Buhârî, Tefsirü'l-Kur'ân suretü'l-Enfâl

 

Enfâl sûresinin 65. ayeti Bedir savaşında harp başlamadan önce Beydâ denilen yerde nazil oldu. Bu ayet-i kerime ile müslümanlar, kendilerinin on misli olan bir düşman kuvveti karşısında sebat edip yılmadan çarpışmakla emrediliyorlar ve kendilerinden on kat fazla olan bir düşman kuvveti karşısında harp sahasını terketmeleri halin­de sorumlu tutuluyorlardı. Bu yük onlara çok ağır geliyordu. Bunun üze­rine Yüce Allah, "Şimdi Allah sizden (yükü) hafifletti. Sizde zayıflık bu­lunduğunu bildi. Bundan böyle sizden sabreden yüz kişi olsa, ikiyüz (ka­fir)! yenerler ve eğer sizden bin kişi olsa Allah'ın izniyle iki bin (kafir)i yenerler. Allah sabredenlerle bareberdir."[Enfâl 66] mealindeki ayet-i kerimeyi indirerek mü'minlerin yükünü hafifletmiş oldu. Bu âyet-i kerîmeye göre, müslümanlar kendilerinin iki katı olan düşman kuvvetleri karşısında sa­vaşmakla mükellef tutulmuşlardır. Binâenaleyh harp sahasında müslüman kuvvetleri düşmanın yansı derecesinde az ve zayıf olsalar yine de düşman­la çarpışmak üzerlerine vacib olur. Böyle bir durumda korkuya kapılarak kaçmaları caiz olamaz. Fakat müslümanlar bundan da az ve zayıf bir du­ruma düşecek olurlarsa o zaman düşmana karşı saldırıya geçmek Üzerleri­ne vacib değildir.

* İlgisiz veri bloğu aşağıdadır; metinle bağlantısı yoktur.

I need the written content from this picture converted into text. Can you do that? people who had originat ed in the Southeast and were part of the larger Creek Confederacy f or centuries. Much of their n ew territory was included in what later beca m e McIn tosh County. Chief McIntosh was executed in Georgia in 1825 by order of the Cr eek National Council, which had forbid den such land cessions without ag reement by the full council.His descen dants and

Belki düşmanın harp vesilesi olabilecek bazı tutumlarına göz yumarak harp tehlikesini atlatmaya çalışmaları kendileri için caiz olur.[Miras Kâmil, tecrîd-i sarih VIII, 348 1.baskı.]

 

Bezlü'l-Mechûd yazarı eş-Şeyh Halil Ahmed'in açıklamasına göre, me­tindeki Enfâl sûresinin altmışaltıncı ayetinde geçen; "Allah sizde zayıflık olduğunu bildi" cümlesindeki "bildi" kelimesinden maksat, "Allah'ın ezel­den ebede mevcut olan ilminin taalluk etmesidir." Yoksa bu kelimeyi, "Allah daha önce bunu bilmiyordu da daha yem bildi" şeklinde anlamak son derece yanlış olur ve küfrü gerektirir.[Bezlü'l-Mechûd, VII, 158.]